Ele acrescentou que “as decisões sobre esta questão cabem aos EUA” e “as questões sobre se o direito internacional é ou não uma questão para um tribunal internacional competente, e não para os governos definirem”.

Um funcionário do Pentágono disse à CNN que o departamento “não fala sobre questões de inteligência”.

Na segunda-feira, o secretário da Guerra dos EUA, Pete Hegseth, disse no dia 10 que no dia anterior “foram realizados dois ataques com movimento letal em duas embarcações projetadas por organizações terroristas”.

Ele disse: “É nosso entendimento que essas embarcações transportavam narcóticos associados a drogas ilícitas e passavam por um conhecido trânsito de narcotráfico no Pacífico Oriental.

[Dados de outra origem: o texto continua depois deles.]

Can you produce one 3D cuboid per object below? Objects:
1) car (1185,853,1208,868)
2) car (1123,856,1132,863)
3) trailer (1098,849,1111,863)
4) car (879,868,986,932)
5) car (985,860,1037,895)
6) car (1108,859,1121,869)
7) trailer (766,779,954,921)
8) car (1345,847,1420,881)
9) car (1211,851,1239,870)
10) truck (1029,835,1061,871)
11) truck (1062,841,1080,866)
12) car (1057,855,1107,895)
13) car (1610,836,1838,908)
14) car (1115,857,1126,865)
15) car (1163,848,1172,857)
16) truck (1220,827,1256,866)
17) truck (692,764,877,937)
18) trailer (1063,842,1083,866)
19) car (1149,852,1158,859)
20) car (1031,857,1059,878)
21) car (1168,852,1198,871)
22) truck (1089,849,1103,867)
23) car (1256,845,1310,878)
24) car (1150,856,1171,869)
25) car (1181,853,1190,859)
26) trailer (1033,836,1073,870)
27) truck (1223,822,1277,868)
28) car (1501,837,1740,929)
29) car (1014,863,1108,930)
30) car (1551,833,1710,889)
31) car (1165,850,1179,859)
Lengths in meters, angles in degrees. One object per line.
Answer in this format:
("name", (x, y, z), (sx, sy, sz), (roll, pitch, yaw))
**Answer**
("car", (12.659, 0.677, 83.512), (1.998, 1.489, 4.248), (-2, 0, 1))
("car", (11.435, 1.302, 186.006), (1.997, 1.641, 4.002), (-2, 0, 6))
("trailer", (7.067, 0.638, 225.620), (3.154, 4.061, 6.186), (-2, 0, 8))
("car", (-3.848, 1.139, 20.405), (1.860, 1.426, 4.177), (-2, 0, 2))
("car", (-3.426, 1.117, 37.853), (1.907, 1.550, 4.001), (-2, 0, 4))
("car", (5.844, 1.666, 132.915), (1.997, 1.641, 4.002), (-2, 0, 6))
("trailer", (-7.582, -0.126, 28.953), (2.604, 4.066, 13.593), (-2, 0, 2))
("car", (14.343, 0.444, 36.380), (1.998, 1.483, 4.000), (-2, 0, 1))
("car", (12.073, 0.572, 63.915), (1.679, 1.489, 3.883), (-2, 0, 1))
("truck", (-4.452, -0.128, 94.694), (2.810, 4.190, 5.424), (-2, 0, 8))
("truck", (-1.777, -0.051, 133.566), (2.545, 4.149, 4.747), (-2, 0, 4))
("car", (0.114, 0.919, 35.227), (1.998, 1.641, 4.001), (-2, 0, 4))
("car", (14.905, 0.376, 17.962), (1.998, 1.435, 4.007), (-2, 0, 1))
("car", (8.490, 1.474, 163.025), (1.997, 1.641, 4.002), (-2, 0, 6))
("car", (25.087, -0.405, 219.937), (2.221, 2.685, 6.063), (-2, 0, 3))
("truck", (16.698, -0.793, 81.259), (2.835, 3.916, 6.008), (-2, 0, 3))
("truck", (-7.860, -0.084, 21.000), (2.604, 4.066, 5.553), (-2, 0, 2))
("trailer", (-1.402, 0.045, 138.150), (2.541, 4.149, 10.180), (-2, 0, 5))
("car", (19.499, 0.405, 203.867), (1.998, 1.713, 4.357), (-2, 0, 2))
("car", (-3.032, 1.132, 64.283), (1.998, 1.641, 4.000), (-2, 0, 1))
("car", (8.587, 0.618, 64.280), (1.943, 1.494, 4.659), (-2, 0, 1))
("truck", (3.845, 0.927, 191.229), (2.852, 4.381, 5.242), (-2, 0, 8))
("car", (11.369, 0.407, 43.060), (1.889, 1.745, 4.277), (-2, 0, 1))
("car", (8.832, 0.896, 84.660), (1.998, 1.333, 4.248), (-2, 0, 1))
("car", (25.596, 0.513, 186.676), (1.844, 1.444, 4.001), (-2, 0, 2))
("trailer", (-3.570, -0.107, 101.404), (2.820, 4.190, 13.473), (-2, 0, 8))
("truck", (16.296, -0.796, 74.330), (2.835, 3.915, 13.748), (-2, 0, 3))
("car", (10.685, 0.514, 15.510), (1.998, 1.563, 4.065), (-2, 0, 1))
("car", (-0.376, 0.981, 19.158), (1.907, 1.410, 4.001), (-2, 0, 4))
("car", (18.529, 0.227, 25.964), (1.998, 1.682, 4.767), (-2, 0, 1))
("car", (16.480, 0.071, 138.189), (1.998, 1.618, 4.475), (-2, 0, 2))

“Ambos os ataques foram conduzidos em águas internacionais e três narcoterroristas do sexo masculino estavam em cada barco. Todos os seis foram mortos. Nenhuma força dos EUA ficou ferida.”

O órgão de vigilância dos direitos humanos das Nações Unidas descreveu a repressão dos EUA aos alegados traficantes de droga ao largo da costa da América do Sul como “inaceitável” e uma violação dos direitos humanos internacionais.

Veneziano Ele diz que é ilegal, no que diz respeito ao assassinato e agressão contra a principal nação dos sul-americanos.